START DATA LISTING
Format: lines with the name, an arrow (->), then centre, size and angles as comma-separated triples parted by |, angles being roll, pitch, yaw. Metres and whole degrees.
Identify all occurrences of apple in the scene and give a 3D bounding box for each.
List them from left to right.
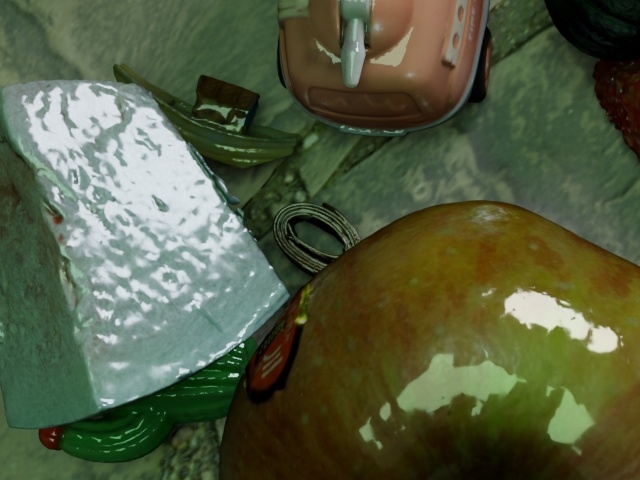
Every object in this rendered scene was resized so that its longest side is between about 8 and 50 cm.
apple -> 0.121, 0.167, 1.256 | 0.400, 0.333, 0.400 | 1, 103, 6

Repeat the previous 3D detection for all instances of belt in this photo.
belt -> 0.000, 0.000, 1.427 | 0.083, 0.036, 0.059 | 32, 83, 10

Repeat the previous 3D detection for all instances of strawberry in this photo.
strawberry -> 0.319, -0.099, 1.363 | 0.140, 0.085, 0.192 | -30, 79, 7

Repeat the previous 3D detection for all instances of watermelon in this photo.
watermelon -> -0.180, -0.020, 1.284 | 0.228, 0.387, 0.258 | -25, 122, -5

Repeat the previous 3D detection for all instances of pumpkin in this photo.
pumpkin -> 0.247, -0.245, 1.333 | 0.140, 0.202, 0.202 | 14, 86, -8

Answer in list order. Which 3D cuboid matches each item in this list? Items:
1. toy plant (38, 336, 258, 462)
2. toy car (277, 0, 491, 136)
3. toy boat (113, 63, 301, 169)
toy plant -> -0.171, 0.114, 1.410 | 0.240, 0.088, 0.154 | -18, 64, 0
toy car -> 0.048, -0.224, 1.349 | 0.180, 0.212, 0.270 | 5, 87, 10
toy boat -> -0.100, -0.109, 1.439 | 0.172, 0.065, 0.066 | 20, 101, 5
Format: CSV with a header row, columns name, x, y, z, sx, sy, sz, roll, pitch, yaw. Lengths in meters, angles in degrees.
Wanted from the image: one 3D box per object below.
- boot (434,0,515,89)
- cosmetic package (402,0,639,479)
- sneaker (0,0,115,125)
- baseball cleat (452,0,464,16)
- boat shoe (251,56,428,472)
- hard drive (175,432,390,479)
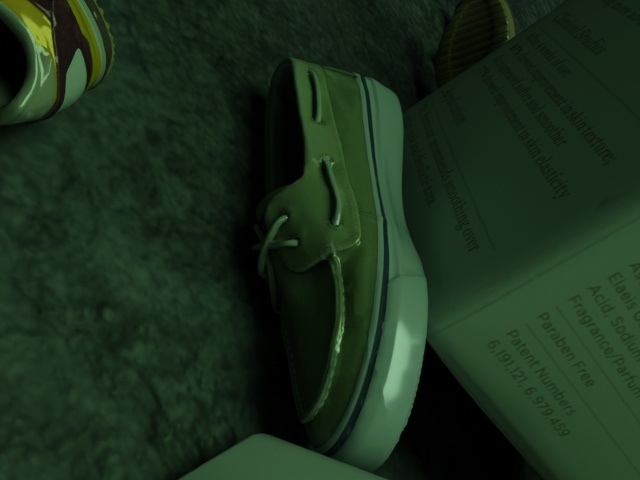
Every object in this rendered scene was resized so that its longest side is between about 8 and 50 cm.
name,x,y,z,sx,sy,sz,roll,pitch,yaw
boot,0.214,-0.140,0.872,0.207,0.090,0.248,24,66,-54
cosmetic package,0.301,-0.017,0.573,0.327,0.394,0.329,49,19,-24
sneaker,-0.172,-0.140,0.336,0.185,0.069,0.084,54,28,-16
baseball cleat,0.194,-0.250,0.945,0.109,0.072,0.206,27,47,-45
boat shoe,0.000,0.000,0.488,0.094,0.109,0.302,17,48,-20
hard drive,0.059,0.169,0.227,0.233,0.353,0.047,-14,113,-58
END DATA LISTING
START DATA LISTING
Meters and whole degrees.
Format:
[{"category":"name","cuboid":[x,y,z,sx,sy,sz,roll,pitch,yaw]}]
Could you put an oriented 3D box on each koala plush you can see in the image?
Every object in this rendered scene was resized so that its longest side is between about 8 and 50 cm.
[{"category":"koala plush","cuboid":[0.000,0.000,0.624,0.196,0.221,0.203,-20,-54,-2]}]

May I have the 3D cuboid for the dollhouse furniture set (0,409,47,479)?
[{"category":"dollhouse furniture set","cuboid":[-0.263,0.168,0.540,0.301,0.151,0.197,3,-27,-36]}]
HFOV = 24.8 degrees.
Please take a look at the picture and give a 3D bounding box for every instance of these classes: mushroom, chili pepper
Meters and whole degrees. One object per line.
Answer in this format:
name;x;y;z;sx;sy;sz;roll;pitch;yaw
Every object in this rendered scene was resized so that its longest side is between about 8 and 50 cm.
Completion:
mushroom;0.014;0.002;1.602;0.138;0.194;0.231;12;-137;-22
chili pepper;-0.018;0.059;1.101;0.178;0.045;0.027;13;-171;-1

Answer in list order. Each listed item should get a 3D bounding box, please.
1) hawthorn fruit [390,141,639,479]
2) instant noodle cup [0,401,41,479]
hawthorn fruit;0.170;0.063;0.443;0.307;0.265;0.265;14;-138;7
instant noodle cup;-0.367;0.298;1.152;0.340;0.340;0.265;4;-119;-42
END DATA LISTING
→ EXERCISE OBJECTIVE: Return all lines of the data in which the string "image" appears.

→ OUTPUT:
Wanted from the image: one 3D box per object below.
Could you put an oriented 3D box on each koala plush you can see in the image?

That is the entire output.